[Stored records]
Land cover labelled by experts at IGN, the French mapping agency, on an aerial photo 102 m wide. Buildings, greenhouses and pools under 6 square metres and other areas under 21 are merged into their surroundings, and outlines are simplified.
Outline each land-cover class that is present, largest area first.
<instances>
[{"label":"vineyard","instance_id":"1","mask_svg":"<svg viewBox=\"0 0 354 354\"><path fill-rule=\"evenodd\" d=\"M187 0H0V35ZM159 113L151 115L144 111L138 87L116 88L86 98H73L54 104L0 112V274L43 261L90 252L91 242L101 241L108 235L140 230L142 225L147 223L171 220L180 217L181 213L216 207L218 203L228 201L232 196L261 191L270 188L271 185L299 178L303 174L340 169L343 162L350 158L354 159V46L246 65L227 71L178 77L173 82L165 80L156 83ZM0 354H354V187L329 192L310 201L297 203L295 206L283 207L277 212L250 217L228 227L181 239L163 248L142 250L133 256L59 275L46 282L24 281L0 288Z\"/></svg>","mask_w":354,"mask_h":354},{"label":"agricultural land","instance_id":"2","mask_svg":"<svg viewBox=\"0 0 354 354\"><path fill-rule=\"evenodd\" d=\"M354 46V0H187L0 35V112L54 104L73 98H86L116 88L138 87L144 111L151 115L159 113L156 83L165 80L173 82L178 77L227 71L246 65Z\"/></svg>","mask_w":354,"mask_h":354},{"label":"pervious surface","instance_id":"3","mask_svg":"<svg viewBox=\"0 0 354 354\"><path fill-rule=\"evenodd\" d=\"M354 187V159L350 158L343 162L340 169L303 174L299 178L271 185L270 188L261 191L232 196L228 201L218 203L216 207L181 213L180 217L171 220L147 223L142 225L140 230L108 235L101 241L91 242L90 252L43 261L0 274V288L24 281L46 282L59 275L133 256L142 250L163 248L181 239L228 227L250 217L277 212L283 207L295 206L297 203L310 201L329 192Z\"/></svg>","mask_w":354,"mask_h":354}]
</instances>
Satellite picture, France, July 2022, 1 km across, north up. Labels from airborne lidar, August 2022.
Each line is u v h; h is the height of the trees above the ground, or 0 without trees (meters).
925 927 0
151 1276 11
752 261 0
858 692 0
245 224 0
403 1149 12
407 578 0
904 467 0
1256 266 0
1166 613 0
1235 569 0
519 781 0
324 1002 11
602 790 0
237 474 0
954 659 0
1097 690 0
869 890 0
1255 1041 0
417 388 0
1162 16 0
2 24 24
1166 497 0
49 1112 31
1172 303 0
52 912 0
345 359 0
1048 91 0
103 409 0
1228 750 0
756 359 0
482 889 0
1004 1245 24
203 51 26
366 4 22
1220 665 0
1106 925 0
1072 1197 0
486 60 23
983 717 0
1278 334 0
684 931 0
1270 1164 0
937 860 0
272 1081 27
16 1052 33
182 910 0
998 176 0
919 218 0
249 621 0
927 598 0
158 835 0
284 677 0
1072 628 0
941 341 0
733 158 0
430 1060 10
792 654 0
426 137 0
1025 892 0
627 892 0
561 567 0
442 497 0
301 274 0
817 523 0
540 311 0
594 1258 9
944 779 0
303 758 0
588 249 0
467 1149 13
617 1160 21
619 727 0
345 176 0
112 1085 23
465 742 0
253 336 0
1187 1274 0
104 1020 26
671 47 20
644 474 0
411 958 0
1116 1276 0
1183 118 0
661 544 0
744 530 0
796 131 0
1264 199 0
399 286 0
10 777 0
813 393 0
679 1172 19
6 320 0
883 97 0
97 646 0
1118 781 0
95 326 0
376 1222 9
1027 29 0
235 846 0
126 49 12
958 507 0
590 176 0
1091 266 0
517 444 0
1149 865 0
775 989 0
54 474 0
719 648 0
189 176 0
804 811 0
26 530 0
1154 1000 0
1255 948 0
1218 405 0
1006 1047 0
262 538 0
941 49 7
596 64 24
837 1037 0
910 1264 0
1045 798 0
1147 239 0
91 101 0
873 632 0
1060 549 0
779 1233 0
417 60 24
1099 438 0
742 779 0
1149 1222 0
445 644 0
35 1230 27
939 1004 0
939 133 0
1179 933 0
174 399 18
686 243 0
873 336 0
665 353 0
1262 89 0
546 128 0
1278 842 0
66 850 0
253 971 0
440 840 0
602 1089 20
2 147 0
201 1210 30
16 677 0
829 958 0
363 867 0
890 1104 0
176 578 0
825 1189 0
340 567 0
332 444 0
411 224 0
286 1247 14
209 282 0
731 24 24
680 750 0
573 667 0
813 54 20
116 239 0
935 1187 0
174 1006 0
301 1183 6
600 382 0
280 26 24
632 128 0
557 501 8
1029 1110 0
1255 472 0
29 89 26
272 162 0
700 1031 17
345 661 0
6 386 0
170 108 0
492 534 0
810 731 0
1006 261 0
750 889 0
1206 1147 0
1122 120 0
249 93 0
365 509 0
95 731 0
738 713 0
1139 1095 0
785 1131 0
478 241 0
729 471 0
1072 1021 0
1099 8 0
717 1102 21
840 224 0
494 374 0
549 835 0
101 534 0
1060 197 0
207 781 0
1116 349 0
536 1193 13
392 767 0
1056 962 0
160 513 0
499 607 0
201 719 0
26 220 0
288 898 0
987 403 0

# AIM OF THE TASK:
The entries above should be copied out exactly, with none left out.

# ANSWER SECTION:
Land cover labelled by experts at IGN, the French mapping agency, on an aerial photo 102 m wide. Buildings, greenhouses and pools under 6 square metres and other areas under 21 are merged into their surroundings, and outlines are simplified.
Outline each land-cover class that is present, largest area first.
<instances>
[{"label":"vineyard","instance_id":"1","mask_svg":"<svg viewBox=\"0 0 354 354\"><path fill-rule=\"evenodd\" d=\"M187 0H0V35ZM159 113L151 115L144 111L138 87L116 88L86 98H73L54 104L0 112V274L43 261L90 252L91 242L101 241L108 235L140 230L142 225L147 223L171 220L180 217L181 213L216 207L218 203L228 201L232 196L261 191L270 188L271 185L299 178L303 174L340 169L343 162L350 158L354 159V46L246 65L227 71L178 77L173 82L165 80L156 83ZM0 354H354V187L329 192L310 201L297 203L295 206L283 207L277 212L250 217L228 227L181 239L163 248L142 250L133 256L59 275L46 282L24 281L0 288Z\"/></svg>","mask_w":354,"mask_h":354},{"label":"agricultural land","instance_id":"2","mask_svg":"<svg viewBox=\"0 0 354 354\"><path fill-rule=\"evenodd\" d=\"M354 46V0H187L0 35V112L54 104L73 98H86L116 88L138 87L144 111L151 115L159 113L156 83L165 80L173 82L178 77L227 71L246 65Z\"/></svg>","mask_w":354,"mask_h":354},{"label":"pervious surface","instance_id":"3","mask_svg":"<svg viewBox=\"0 0 354 354\"><path fill-rule=\"evenodd\" d=\"M354 187V159L350 158L343 162L340 169L303 174L299 178L271 185L270 188L261 191L232 196L228 201L218 203L216 207L181 213L180 217L171 220L147 223L142 225L140 230L108 235L101 241L91 242L90 252L43 261L0 274V288L24 281L46 282L59 275L133 256L142 250L163 248L181 239L228 227L250 217L277 212L283 207L295 206L297 203L310 201L329 192Z\"/></svg>","mask_w":354,"mask_h":354}]
</instances>
Satellite picture, France, July 2022, 1 km across, north up. Labels from airborne lidar, August 2022.
Each line is u v h; h is the height of the trees above the ground, or 0 without trees (meters).
925 927 0
151 1276 11
752 261 0
858 692 0
245 224 0
403 1149 12
407 578 0
904 467 0
1256 266 0
1166 613 0
1235 569 0
519 781 0
324 1002 11
602 790 0
237 474 0
954 659 0
1097 690 0
869 890 0
1255 1041 0
417 388 0
1162 16 0
2 24 24
1166 497 0
49 1112 31
1172 303 0
52 912 0
345 359 0
1048 91 0
103 409 0
1228 750 0
756 359 0
482 889 0
1004 1245 24
203 51 26
366 4 22
1220 665 0
1106 925 0
1072 1197 0
486 60 23
983 717 0
1278 334 0
684 931 0
1270 1164 0
937 860 0
272 1081 27
16 1052 33
182 910 0
998 176 0
919 218 0
249 621 0
927 598 0
158 835 0
284 677 0
1072 628 0
941 341 0
733 158 0
430 1060 10
792 654 0
426 137 0
1025 892 0
627 892 0
561 567 0
442 497 0
301 274 0
817 523 0
540 311 0
594 1258 9
944 779 0
303 758 0
588 249 0
467 1149 13
617 1160 21
619 727 0
345 176 0
112 1085 23
465 742 0
253 336 0
1187 1274 0
104 1020 26
671 47 20
644 474 0
411 958 0
1116 1276 0
1183 118 0
661 544 0
744 530 0
796 131 0
1264 199 0
399 286 0
10 777 0
813 393 0
679 1172 19
6 320 0
883 97 0
97 646 0
1118 781 0
95 326 0
376 1222 9
1027 29 0
235 846 0
126 49 12
958 507 0
590 176 0
1091 266 0
517 444 0
1149 865 0
775 989 0
54 474 0
719 648 0
189 176 0
804 811 0
26 530 0
1154 1000 0
1255 948 0
1218 405 0
1006 1047 0
262 538 0
941 49 7
596 64 24
837 1037 0
910 1264 0
1045 798 0
1147 239 0
91 101 0
873 632 0
1060 549 0
779 1233 0
417 60 24
1099 438 0
742 779 0
1149 1222 0
445 644 0
35 1230 27
939 1004 0
939 133 0
1179 933 0
174 399 18
686 243 0
873 336 0
665 353 0
1262 89 0
546 128 0
1278 842 0
66 850 0
253 971 0
440 840 0
602 1089 20
2 147 0
201 1210 30
16 677 0
829 958 0
363 867 0
890 1104 0
176 578 0
825 1189 0
340 567 0
332 444 0
411 224 0
286 1247 14
209 282 0
731 24 24
680 750 0
573 667 0
813 54 20
116 239 0
935 1187 0
174 1006 0
301 1183 6
600 382 0
280 26 24
632 128 0
557 501 8
1029 1110 0
1255 472 0
29 89 26
272 162 0
700 1031 17
345 661 0
6 386 0
170 108 0
492 534 0
810 731 0
1006 261 0
750 889 0
1206 1147 0
1122 120 0
249 93 0
365 509 0
95 731 0
738 713 0
1139 1095 0
785 1131 0
478 241 0
729 471 0
1072 1021 0
1099 8 0
717 1102 21
840 224 0
494 374 0
549 835 0
101 534 0
1060 197 0
207 781 0
1116 349 0
536 1193 13
392 767 0
1056 962 0
160 513 0
499 607 0
201 719 0
26 220 0
288 898 0
987 403 0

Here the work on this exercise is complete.